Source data
-- -- --

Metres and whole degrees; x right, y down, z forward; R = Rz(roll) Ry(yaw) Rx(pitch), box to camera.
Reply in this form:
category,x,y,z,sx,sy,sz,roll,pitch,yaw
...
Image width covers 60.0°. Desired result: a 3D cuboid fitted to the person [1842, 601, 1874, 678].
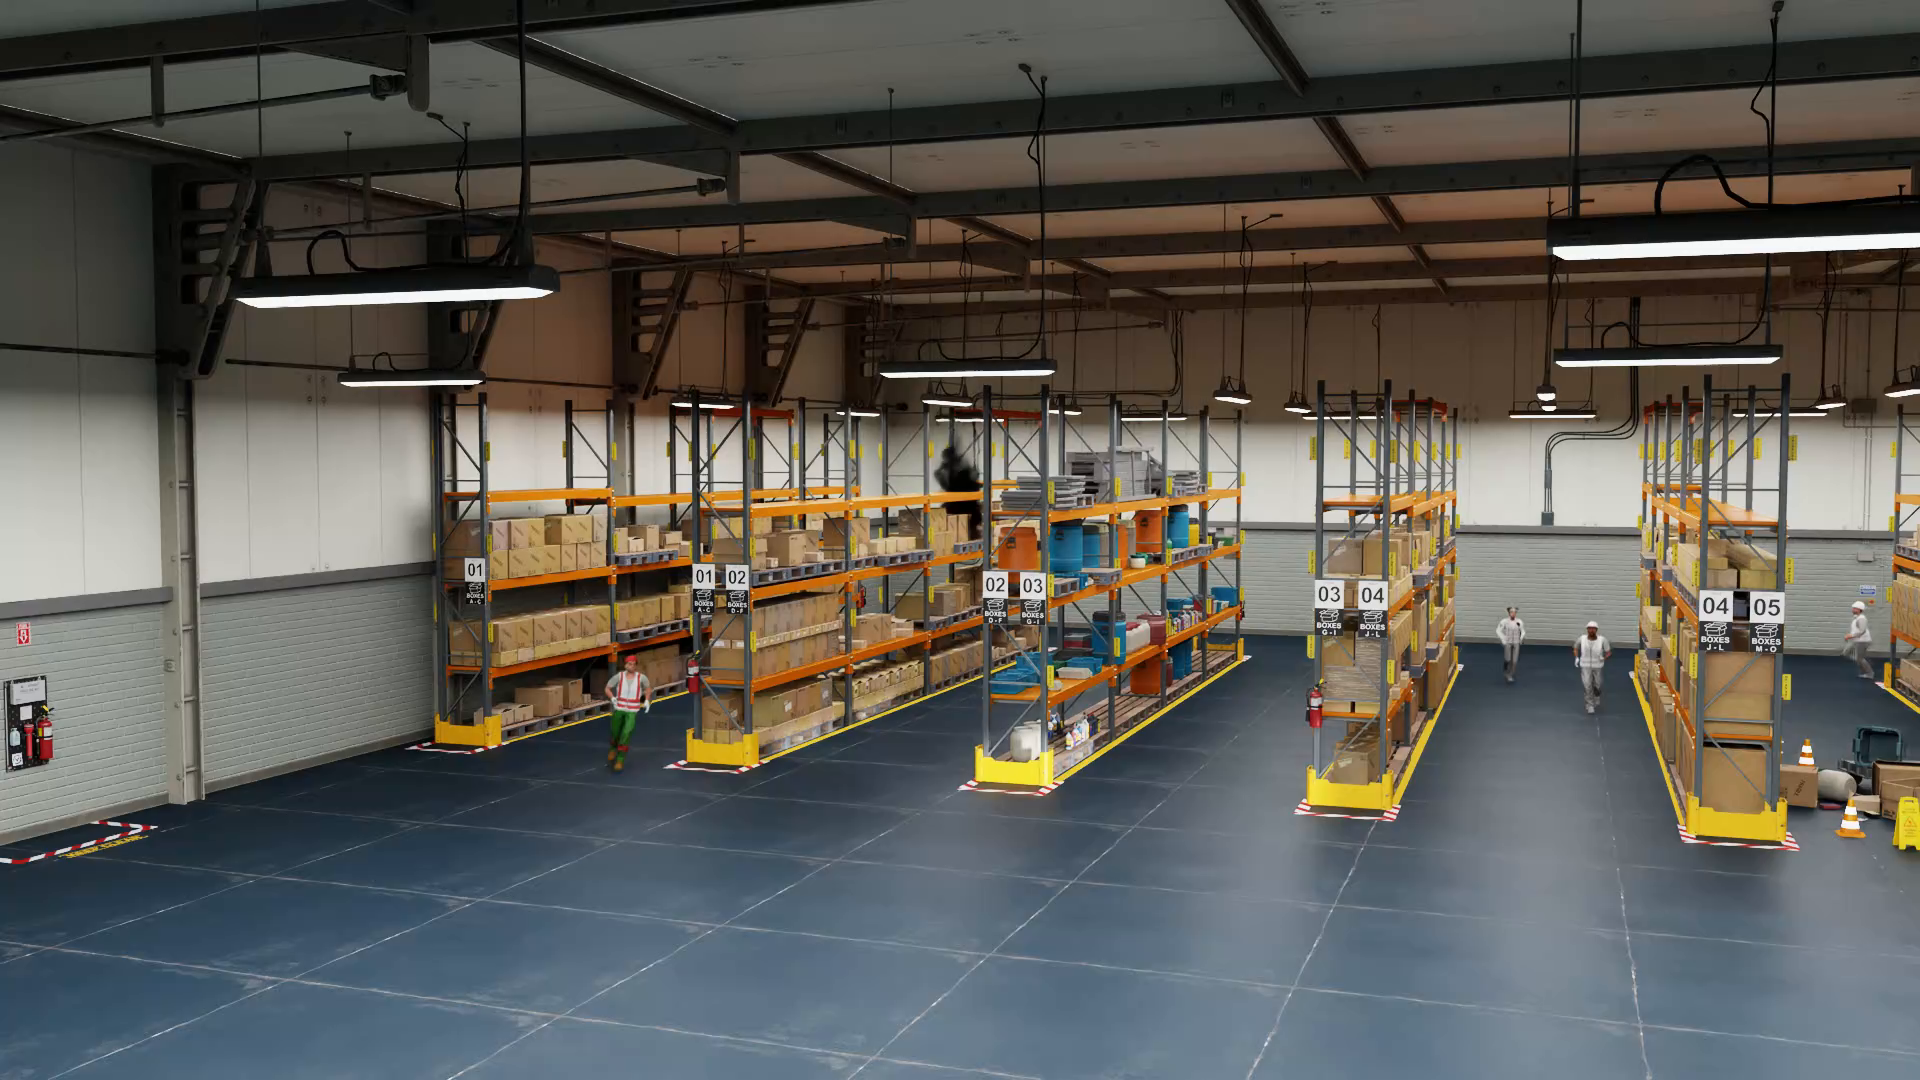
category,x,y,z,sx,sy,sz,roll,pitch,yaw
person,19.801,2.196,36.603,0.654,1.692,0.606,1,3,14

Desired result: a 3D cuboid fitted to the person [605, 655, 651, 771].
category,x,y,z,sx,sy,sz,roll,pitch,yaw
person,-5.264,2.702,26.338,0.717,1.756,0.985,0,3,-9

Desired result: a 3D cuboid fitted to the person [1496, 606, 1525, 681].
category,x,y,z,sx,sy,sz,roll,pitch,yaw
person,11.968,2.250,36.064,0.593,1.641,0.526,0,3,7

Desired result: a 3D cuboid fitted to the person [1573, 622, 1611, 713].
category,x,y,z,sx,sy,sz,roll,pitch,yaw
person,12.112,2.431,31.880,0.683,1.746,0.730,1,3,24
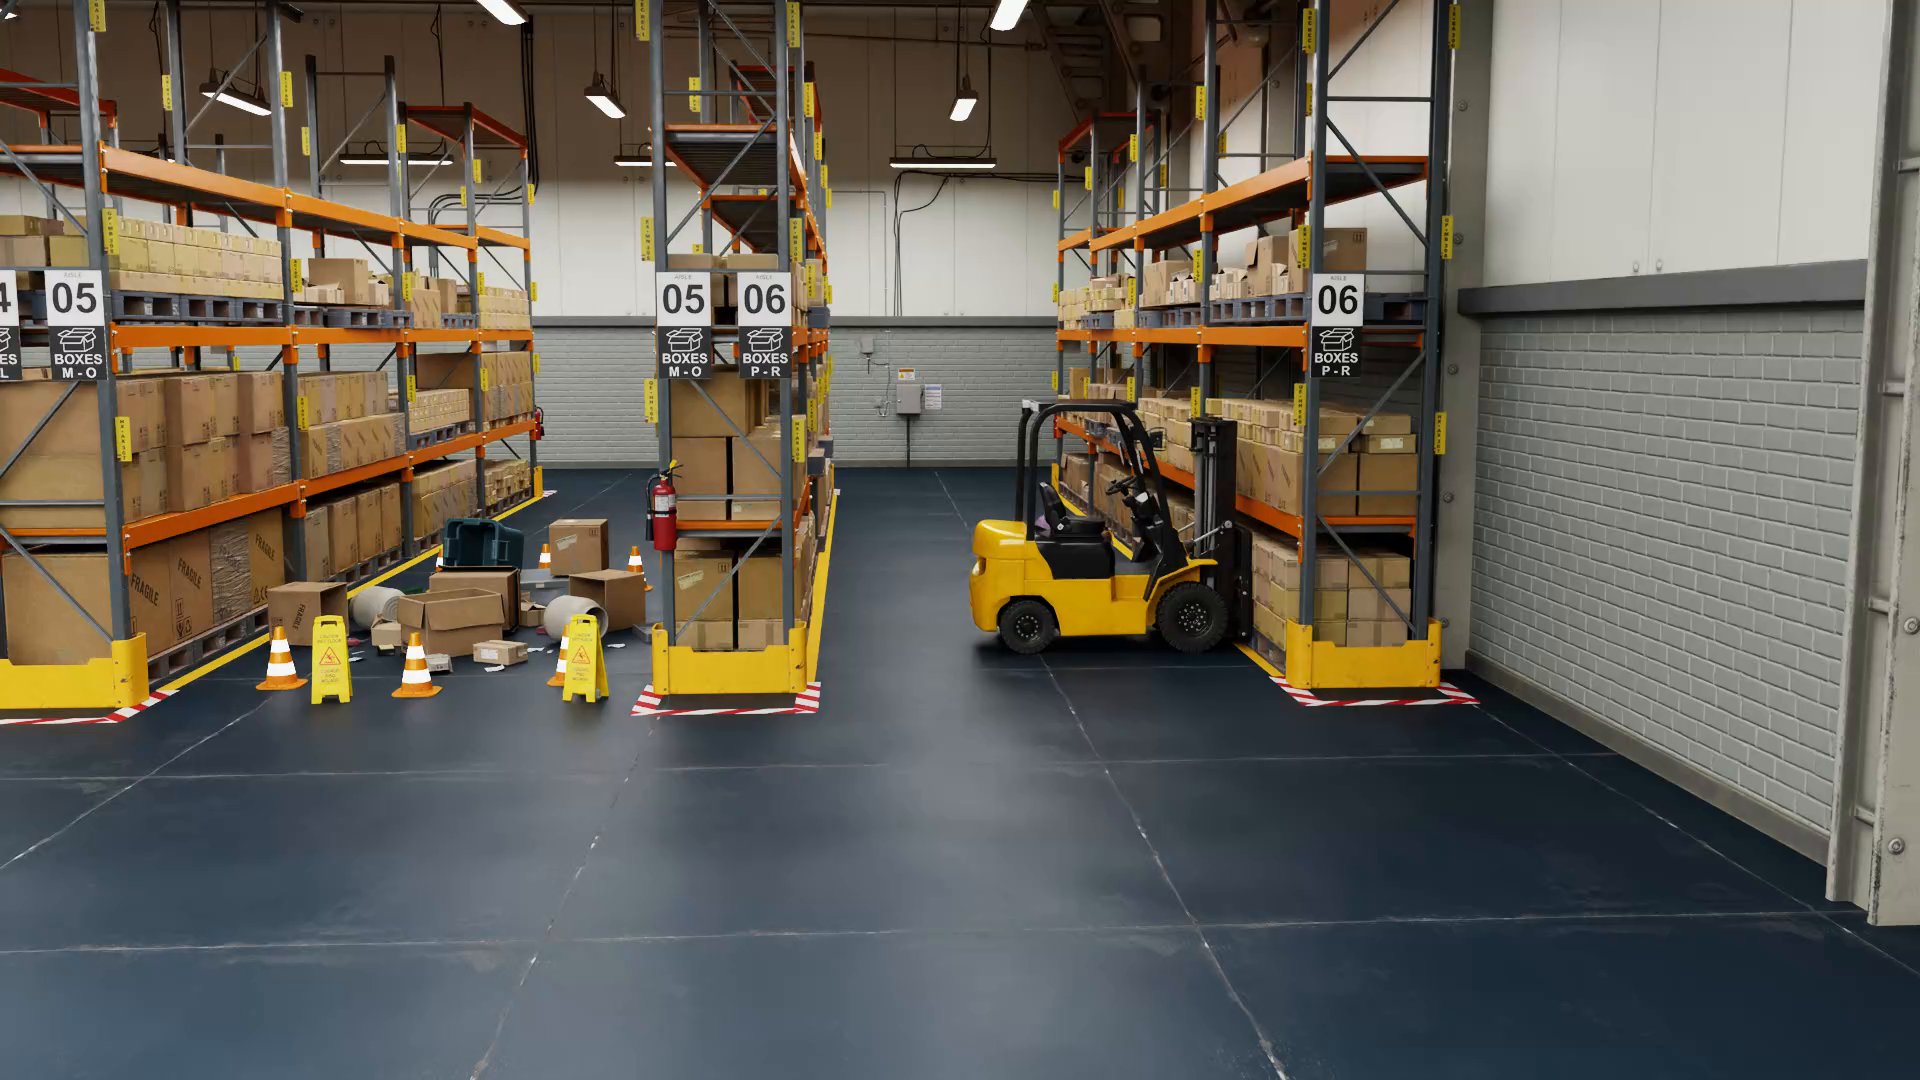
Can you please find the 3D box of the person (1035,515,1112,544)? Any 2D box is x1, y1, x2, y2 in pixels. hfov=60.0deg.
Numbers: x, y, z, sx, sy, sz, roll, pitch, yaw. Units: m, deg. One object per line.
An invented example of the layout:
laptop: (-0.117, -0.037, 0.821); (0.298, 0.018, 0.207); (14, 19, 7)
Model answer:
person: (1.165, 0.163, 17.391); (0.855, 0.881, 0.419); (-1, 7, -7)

-- -- --

What you have to do: Reproduce each entry exactly, without the pictures.

Solution:
Metres and whole degrees; x right, y down, z forward; R = Rz(roll) Ry(yaw) Rx(pitch), box to camera.
Reply in this form:
category,x,y,z,sx,sy,sz,roll,pitch,yaw
...
Image width covers 60.0°. Desired result: a 3D cuboid fitted to the person [1842, 601, 1874, 678].
category,x,y,z,sx,sy,sz,roll,pitch,yaw
person,19.801,2.196,36.603,0.654,1.692,0.606,1,3,14

Desired result: a 3D cuboid fitted to the person [605, 655, 651, 771].
category,x,y,z,sx,sy,sz,roll,pitch,yaw
person,-5.264,2.702,26.338,0.717,1.756,0.985,0,3,-9

Desired result: a 3D cuboid fitted to the person [1496, 606, 1525, 681].
category,x,y,z,sx,sy,sz,roll,pitch,yaw
person,11.968,2.250,36.064,0.593,1.641,0.526,0,3,7

Desired result: a 3D cuboid fitted to the person [1573, 622, 1611, 713].
category,x,y,z,sx,sy,sz,roll,pitch,yaw
person,12.112,2.431,31.880,0.683,1.746,0.730,1,3,24
Can you please find the 3D box of the person (1035,515,1112,544)? Any 2D box is x1, y1, x2, y2 in pixels. hfov=60.0deg.
Numbers: x, y, z, sx, sy, sz, roll, pitch, yaw. Units: m, deg. One object per line.
An invented example of the layout:
laptop: (-0.117, -0.037, 0.821); (0.298, 0.018, 0.207); (14, 19, 7)
Model answer:
person: (1.165, 0.163, 17.391); (0.855, 0.881, 0.419); (-1, 7, -7)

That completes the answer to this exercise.